-- Opening Marker --

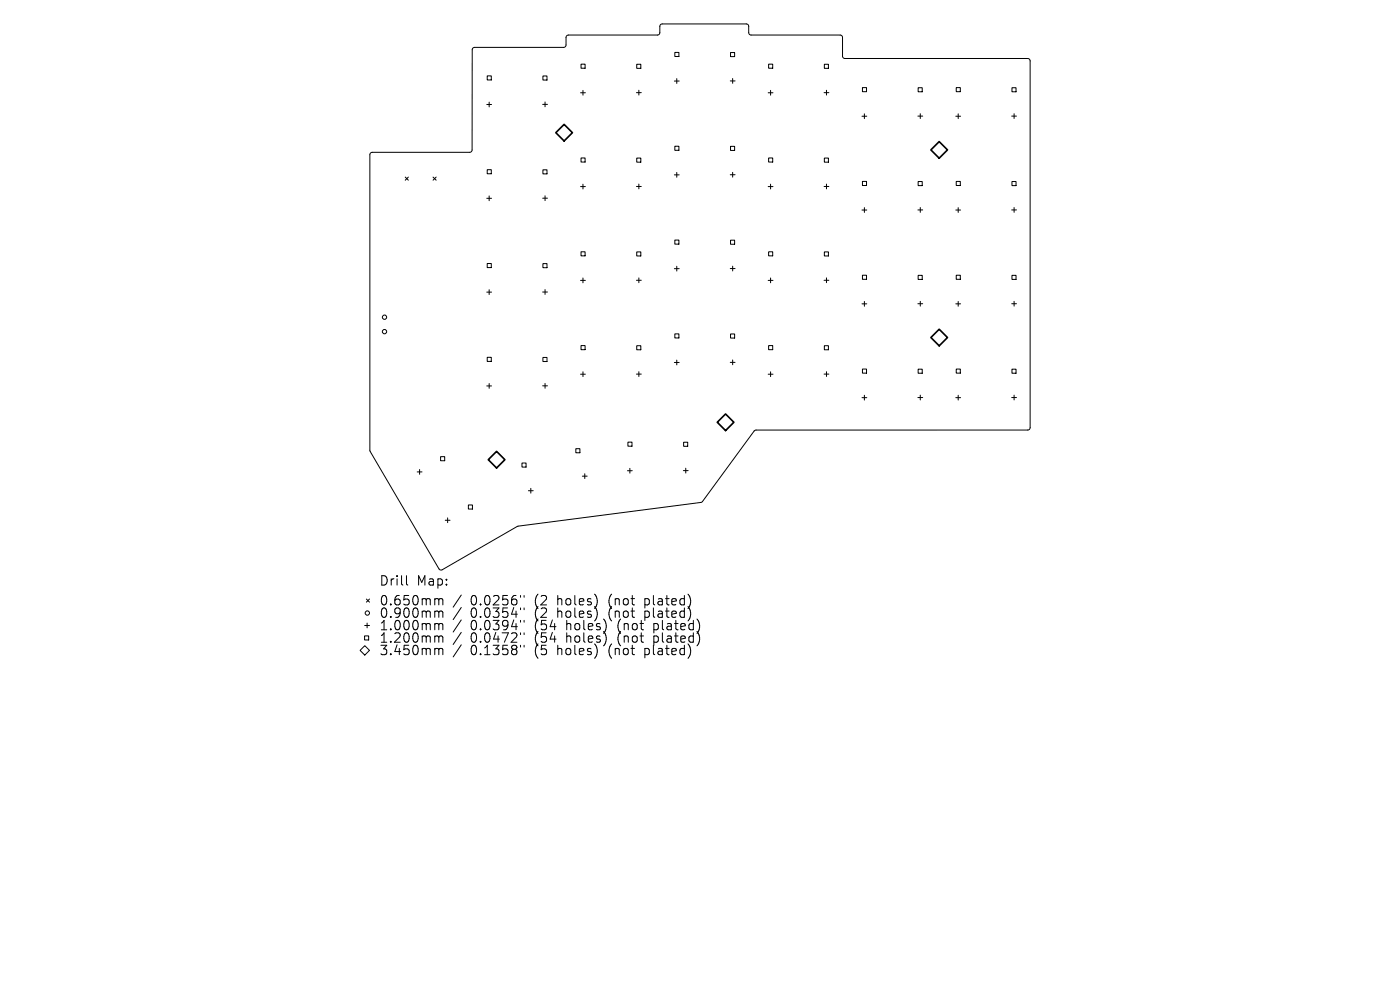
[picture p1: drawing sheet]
<svg xmlns="http://www.w3.org/2000/svg" width="297mm" height="210mm" viewBox="0 0 297 210" stroke-linecap="round" stroke-linejoin="round" font-family="sans-serif">
<defs><g id="words">
<g font-size="2.8">
<text x="80.4" y="124.5">Drill</text>
<text x="88.4" y="124.5">Map:</text>
<text x="80.4" y="128.7">0.650mm</text>
<text x="80.4" y="131.3">0.900mm</text>
<text x="99.8" y="128.7">0.0256&quot;</text>
<text x="99.8" y="131.3">0.0354&quot;</text>
<text x="113.6" y="128.7">(2</text>
<text x="113.6" y="131.3">(2</text>
<text x="118.5" y="128.7">holes)</text>
<text x="118.5" y="131.3">holes)</text>
<text x="129.6" y="128.7">(not</text>
<text x="129.6" y="131.3">(not</text>
<text x="137.4" y="128.7">plated)</text>
<text x="137.4" y="131.3">plated)</text>
<text x="80.4" y="134">1.000mm</text>
<text x="80.4" y="136.6">1.200mm</text>
<text x="99.8" y="134">0.0394&quot;</text>
<text x="99.8" y="136.6">0.0472&quot;</text>
<text x="113.6" y="134">(54</text>
<text x="113.6" y="136.6">(54</text>
<text x="120.4" y="134">holes)</text>
<text x="120.4" y="136.6">holes)</text>
<text x="131.5" y="134">(not</text>
<text x="131.5" y="136.6">(not</text>
<text x="139.3" y="134">plated)</text>
<text x="139.3" y="136.6">plated)</text>
<text x="80.4" y="139.3">3.450mm</text>
<text x="99.8" y="139.3">0.1358&quot;</text>
<text x="113.6" y="139.3">(5</text>
<text x="118.5" y="139.3">holes)</text>
<text x="129.6" y="139.3">(not</text>
<text x="137.4" y="139.3">plated)</text>
</g>
</g></defs>
<g fill="none" stroke="#000" stroke-width=".21">
<path d="M103.4 16.1h.8v.9h-.8zM115.2 16.1h.8v.9h-.8zM123.2 19.7h1M123.3 13.6h.8v.9h-.8zM123.7 19.2v1M135 19.7h1M135.1 13.6h.8v.9h-.8zM135.5 19.1v1.1M143.1 17.2h1M143.2 11.1h.8v.9h-.8zM143.6 16.7v1M154.9 17.2h1"/>
<path d="M155 11.1h.8v.9h-.8zM155.4 16.7v1M163 19.7h1M163.1 13.6h.8v.9h-.8zM163.5 19.2v1M174.8 19.7h1M174.9 13.6h.8v.9h-.8zM175.3 19.1v1.1M183 18.6h.8v.9h-.8zM194.8 18.6h.8v.9h-.8zM202.9 18.6h.8v.9h-.8zM214.7 18.6h.8v.9h-.8z"/>
<path d="M86 37.6l.6 .6M86.6 37.6l-.6 .6M91.9 37.6l.6 .6M92.5 37.6l-.6 .6M103.3 22.2h1M103.4 36h.8v.9h-.8zM103.8 21.7v1M115.1 22.1h1M115.2 36h.8v.9h-.8zM115.6 21.6v1.1M123.2 39.6h1M123.3 33.5h.8v.9h-.8z"/>
<path d="M123.7 39.1v1M135 39.6h1M135.1 33.5h.8v.9h-.8zM135.5 39v1.1M143.1 37.1h1M143.2 31h.8v.9h-.8zM143.6 36.6v1M154.9 37.1h1M155 31h.8v.9h-.8zM155.4 36.6v1M163 39.6h1M163.1 33.5h.8v.9h-.8z"/>
<path d="M163.5 39.1v1M174.8 39.6h1M174.9 33.5h.8v.9h-.8zM175.3 39v1.1M182.9 24.7h1M183 38.5h.8v.9h-.8zM183.4 24.1v1.1M194.7 24.6h1M194.8 38.5h.8v.9h-.8zM195.2 24.1v1M202.8 24.7h1M202.9 38.5h.8v.9h-.8z"/>
<path d="M203.3 24.1v1.1M214.6 24.6h1M214.7 38.5h.8v.9h-.8zM215.1 24.1v1M103.3 42.1h1M103.4 55.9h.8v.9h-.8zM103.8 41.6v1M115.1 42h1M115.2 55.9h.8v.9h-.8zM115.6 41.5v1.1M123.2 59.5h1M123.3 53.4h.8v.9h-.8z"/>
<path d="M123.7 59v1M135 59.5h1M135.1 53.4h.8v.9h-.8zM135.5 58.9v1.1M143.1 57h1M143.2 50.9h.8v.9h-.8zM143.6 56.5v1M154.9 57h1M155 50.9h.8v.9h-.8zM155.4 56.5v1M163 59.5h1M163.1 53.4h.8v.9h-.8z"/>
<path d="M163.5 59v1M174.8 59.5h1M174.9 53.4h.8v.9h-.8zM175.3 58.9v1.1M182.9 44.6h1M183 58.4h.8v.9h-.8zM183.4 44v1.1M194.7 44.5h1M194.8 58.4h.8v.9h-.8zM195.2 44v1M202.8 44.6h1M202.9 58.4h.8v.9h-.8z"/>
<path d="M203.3 44v1.1M214.6 44.5h1M214.7 58.4h.8v.9h-.8zM215.1 44v1M103.3 62h1M103.4 75.8h.8v.9h-.8zM103.8 61.5v1M115.1 61.9h1M115.2 75.8h.8v.9h-.8zM115.6 61.4v1.1M123.2 79.4h1M123.3 73.3h.8v.9h-.8z"/>
<path d="M123.7 78.9v1M135 79.4h1M135.1 73.3h.8v.9h-.8zM135.5 78.8v1.1M143.1 76.9h1M143.2 70.8h.8v.9h-.8zM143.6 76.4v1M154.9 76.9h1M155 70.8h.8v.9h-.8zM155.4 76.4v1M163 79.4h1M163.1 73.3h.8v.9h-.8z"/>
<path d="M163.5 78.9v1M174.8 79.4h1M174.9 73.3h.8v.9h-.8zM175.3 78.8v1.1M182.9 64.5h1M183 78.3h.8v.9h-.8zM183.4 63.9v1.1M194.7 64.4h1M194.8 78.3h.8v.9h-.8zM195.2 63.9v1M202.8 64.5h1M202.9 78.3h.8v.9h-.8z"/>
<path d="M203.3 63.9v1.1M214.6 64.4h1M214.7 78.3h.8v.9h-.8zM215.1 63.9v1M89 99.6v1M93.5 96.9h.8v.8h-.8zM103.3 81.9h1M103.8 81.4v1M110.7 98.2h.9v.9h-.9zM115.1 81.8h1M115.6 81.3v1.1M122.2 95.2h.8v.8h-.8z"/>
<path d="M133.1 99.9h1M133.2 93.8h.9v.9h-.9zM133.6 99.3v1.1M145 99.8h1M145 93.8h.9v.9h-.9zM145.5 99.3v1M182.9 84.4h1M183.4 83.8v1.1M194.7 84.3h1M195.2 83.8v1M202.8 84.4h1M203.3 83.8v1.1"/>
<path d="M214.6 84.3h1M215.1 83.8v1M218.5 90.7l-.1 .4-.4 .1h-57.7l-.3 .2-11.2 15.1-38.9 5.1-16.1 9.3h-.4l-14.9-25.3v-63l.5-.3h20.6l.4-.1 .2-.4v-21.2l.1-.4 .3-.1h19l.4-.4 .1-1.9 .4-.4h19l.4-.3 .1-1.6 .4-.4h17.9l.5 .3 .1 1.7 .4 .3 19.1 .1 .3 .4v4.1l.5 .4 39 .1 .3 .4v77.8M88.5 100.1h1M94.5 110.4h1M95 109.9v1M99.4 107.1h.8v.9h-.8zM112.1 104.1h1M112.6 103.6v1M123.5 101h1.1M124.1 100.5v1M76.4 138l1-1 1 1-1 1z"/>
<path d="M77.3 134.9h.9v.9h-.9zM77.4 132.7h1M77.7 127.1l.7 .6M77.9 132.2v1M78.4 127.1l-.7 .6M86.2 122.1v1.7l.3 .3M92.5 127l.5 .1 .1 .2M92.5 129.6l.5 .1 .1 .2M92.5 132.3l.5 .1 .1 .2M92.5 134.9l.5 .1 .1 .2M92.5 137.5l.5 .1 .1 .2M93.1 127.3l.3-.3 .5 .1v1.2"/>
<path d="M93.1 127.3v1M93.1 129.9v1.1M93.1 132.6v1M93.1 135.2v1M93.1 137.8v1.1M93.1 129.9l.3-.3 .5 .1v1.3M93.1 132.6l.3-.3 .5 .1v1.2M93.1 135.2l.3-.3 .5 .1v1.2M93.1 137.8l.3-.3 .5 .1v1.3M97.9 126.2l-1.8 2.6M97.9 128.9l-1.8 2.5M97.9 131.5l-1.8 2.6"/>
<path d="M97.9 134.1l-1.8 2.6M97.9 136.8l-1.8 2.6M110.4 126.3v.4M110.4 129v.3M110.4 131.6v.4M110.4 134.2v.4M110.4 136.9v.4M111.2 126.3v.4M111.2 129v.3M111.2 131.6v.4M111.2 134.2v.4M111.2 136.9v.4"/>
<circle cx="81.6" cy="70.3" r=".46"/>
<circle cx="81.6" cy="67.3" r=".46"/>
<circle cx="77.9" cy="130" r=".46"/>
</g>
<path d="M117.9 28.1l1.8-1.7 1.7 1.7-1.7 1.8zM197.5 31.8l1.7-1.8 1.8 1.8-1.8 1.8zM197.5 71.6l1.7-1.8 1.8 1.8-1.8 1.8zM103.6 97.5l1.7-1.7 1.8 1.7-1.8 1.8zM152.2 89.6l1.7-1.8 1.8 1.8-1.8 1.7z" fill="none" stroke="#000" stroke-width=".35"/>
<use href="#words"/>
</svg>

-- Closing Marker --

■ **What the exercise asks**: If the word "width" is on a line above, return that line.

■ **Worked solution**:
<svg xmlns="http://www.w3.org/2000/svg" width="297mm" height="210mm" viewBox="0 0 297 210" stroke-linecap="round" stroke-linejoin="round" font-family="sans-serif">
<g fill="none" stroke="#000" stroke-width=".21">
<path d="M117.9 28.1l1.8-1.7 1.7 1.7-1.7 1.8zM197.5 31.8l1.7-1.8 1.8 1.8-1.8 1.8zM197.5 71.6l1.7-1.8 1.8 1.8-1.8 1.8zM103.6 97.5l1.7-1.7 1.8 1.7-1.8 1.8zM152.2 89.6l1.7-1.8 1.8 1.8-1.8 1.7z" fill="none" stroke="#000" stroke-width=".35"/>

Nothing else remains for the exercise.